In other African countries, state collapse was not a strictly postcolonial issue, as most states had some success transferring between regimes. Problems arose, however, when second-generation (and later) regimes began overthrowing original nationalist ones. Chad, Uganda, and Ghana are all instances of this happening – in each, a successfully established, but dysfunctional independent regime was replaced by a military regime that managed to concentrate power, but failed to effectively wield it. Legitimation crises and state collapse soon followed.

===Eastern Europe===
In Eastern European countries where Stalinism was the system of domination, the legitimacy of the system was dependent on the instillment of fear among citizens and the charisma of the state leader.
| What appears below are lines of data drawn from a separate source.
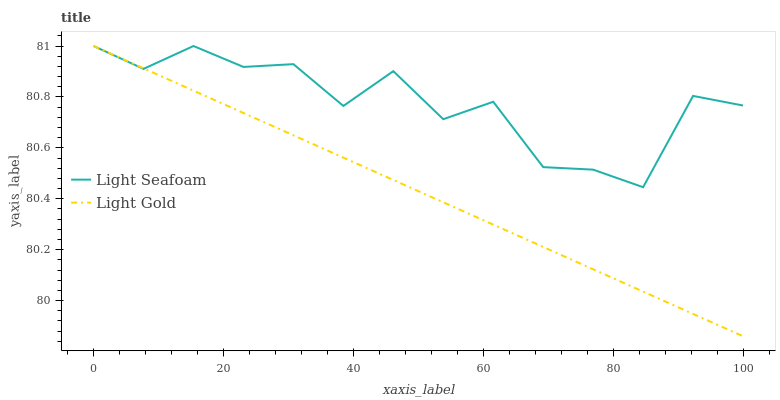Does Light Gold have the minimum area under the curve?
Answer yes or no. Yes. Does Light Seafoam have the maximum area under the curve?
Answer yes or no. Yes. Does Light Gold have the maximum area under the curve?
Answer yes or no. No. Is Light Gold the smoothest?
Answer yes or no. Yes. Is Light Seafoam the roughest?
Answer yes or no. Yes. Is Light Gold the roughest?
Answer yes or no. No. Does Light Gold have the lowest value?
Answer yes or no. Yes. Does Light Gold have the highest value?
Answer yes or no. Yes. Does Light Gold intersect Light Seafoam?
Answer yes or no. Yes. Is Light Gold less than Light Seafoam?
Answer yes or no. No. Is Light Gold greater than Light Seafoam?
Answer yes or no. No. 
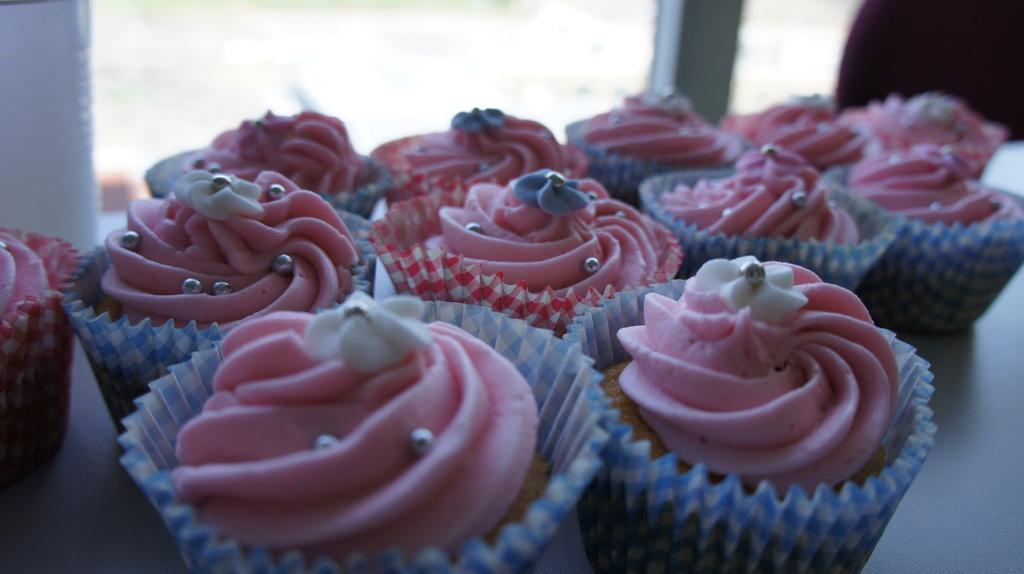What type of food can be seen in the image? There are cupcakes in the image. Where are the cupcakes located? The cupcakes are placed on a table. What can be seen in the background of the image? There is a window visible in the background of the image. What form does the back of the cupcakes take in the image? The cupcakes do not have a back, as they are round and have no distinct front or back. 
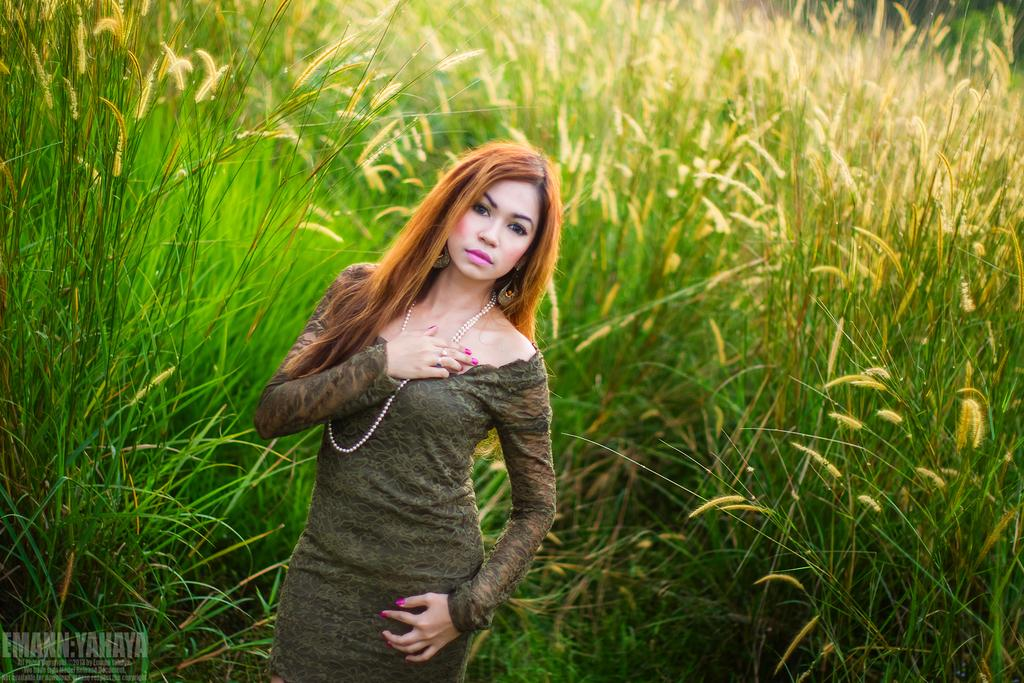Who or what is the main subject in the image? There is a person in the image. Can you describe the position of the person in the image? The person is in front of the image. What can be seen behind the person in the image? There is a food crop behind the person. What is present on the left side of the image? There is some text on the left side of the image. What type of root is being discussed by the person in the image? There is no indication in the image that the person is discussing any type of root. 
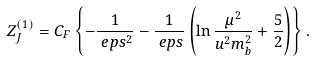Convert formula to latex. <formula><loc_0><loc_0><loc_500><loc_500>Z _ { J } ^ { ( 1 ) } & = C _ { F } \left \{ - \frac { 1 } { \ e p s ^ { 2 } } - \frac { 1 } { \ e p s } \left ( \ln \frac { \mu ^ { 2 } } { u ^ { 2 } m _ { b } ^ { 2 } } + \frac { 5 } { 2 } \right ) \right \} .</formula> 
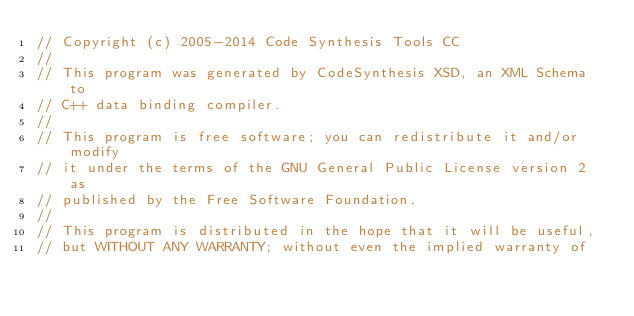<code> <loc_0><loc_0><loc_500><loc_500><_C++_>// Copyright (c) 2005-2014 Code Synthesis Tools CC
//
// This program was generated by CodeSynthesis XSD, an XML Schema to
// C++ data binding compiler.
//
// This program is free software; you can redistribute it and/or modify
// it under the terms of the GNU General Public License version 2 as
// published by the Free Software Foundation.
//
// This program is distributed in the hope that it will be useful,
// but WITHOUT ANY WARRANTY; without even the implied warranty of</code> 
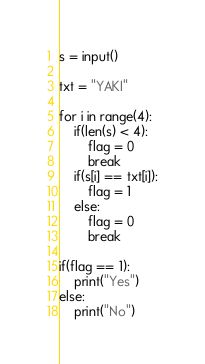<code> <loc_0><loc_0><loc_500><loc_500><_Python_>s = input()

txt = "YAKI"

for i in range(4):
    if(len(s) < 4):
        flag = 0
        break
    if(s[i] == txt[i]):
        flag = 1
    else:
        flag = 0
        break

if(flag == 1):
    print("Yes")
else:
    print("No")</code> 
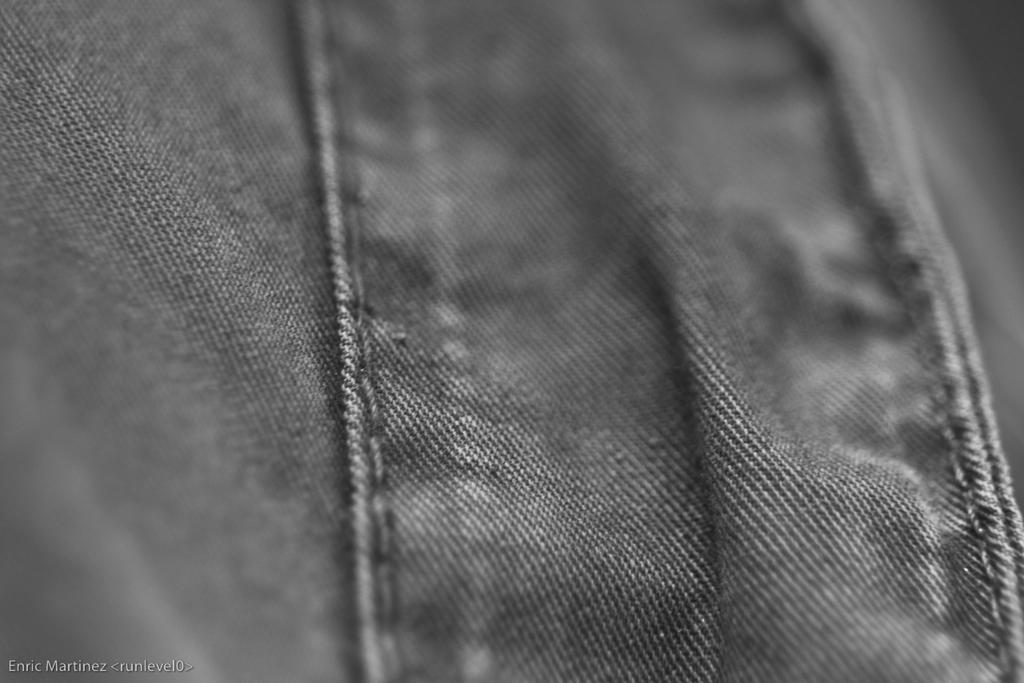Please provide a concise description of this image. In this image there is a jeans. At the bottom left side of the image there is some text. 
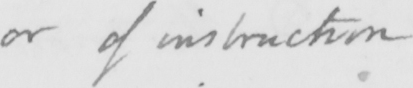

This was the strategy that worked for Stalin, himself, in the Soviet Union, as his brand of terror and charisma inspired a strong personality cult that placed authority and legitimacy in Stalin's hands alone. For other Eastern European states, however, Soviet communism was a foreign system that had to be imported. This proved to be a major problem, as the communist leaders in other Eastern European states lacked Stalin's charisma.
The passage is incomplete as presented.